▸ Task requirements
Starting at the top of the records below, write out each line exactly as it stands, stopping after the line with "For every layout"; exclude the pictures.

(Records from a data source)

■ ■ ■ ■ ■ ■ ■

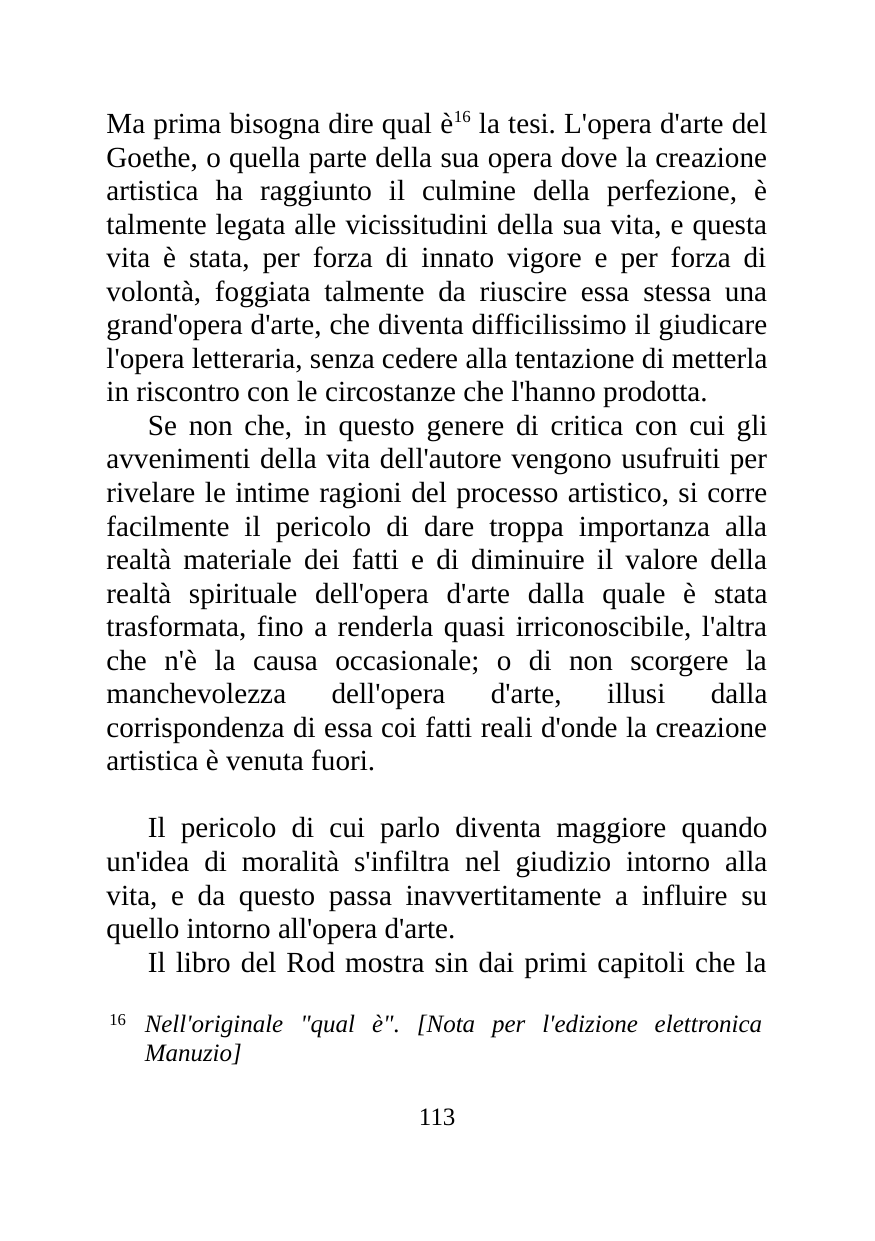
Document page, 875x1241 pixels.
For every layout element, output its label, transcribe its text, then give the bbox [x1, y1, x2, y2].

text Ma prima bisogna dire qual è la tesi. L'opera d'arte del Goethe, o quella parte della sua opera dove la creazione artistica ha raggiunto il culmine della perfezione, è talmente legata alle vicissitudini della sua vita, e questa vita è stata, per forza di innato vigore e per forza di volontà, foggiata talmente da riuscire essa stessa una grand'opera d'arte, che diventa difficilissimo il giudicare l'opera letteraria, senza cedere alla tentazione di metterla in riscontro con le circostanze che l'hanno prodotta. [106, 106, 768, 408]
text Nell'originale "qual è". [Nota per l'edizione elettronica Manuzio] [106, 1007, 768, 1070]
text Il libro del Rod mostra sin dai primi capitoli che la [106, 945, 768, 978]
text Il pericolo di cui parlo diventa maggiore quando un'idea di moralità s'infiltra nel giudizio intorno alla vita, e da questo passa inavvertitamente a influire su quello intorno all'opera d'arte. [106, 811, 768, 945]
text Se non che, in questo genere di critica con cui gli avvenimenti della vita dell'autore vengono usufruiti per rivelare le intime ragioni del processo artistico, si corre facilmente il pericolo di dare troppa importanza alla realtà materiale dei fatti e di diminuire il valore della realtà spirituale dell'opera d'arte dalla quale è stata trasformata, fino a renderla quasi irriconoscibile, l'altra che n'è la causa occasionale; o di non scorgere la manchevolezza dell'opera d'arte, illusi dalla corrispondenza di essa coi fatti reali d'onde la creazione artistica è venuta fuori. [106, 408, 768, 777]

■ ■ ■ ■ ■ ■ ■

▸ Answer section
Document page, 875x1241 pixels.
For every layout element, output its label, transcribe its text, then give the bbox [x1, y1, x2, y2].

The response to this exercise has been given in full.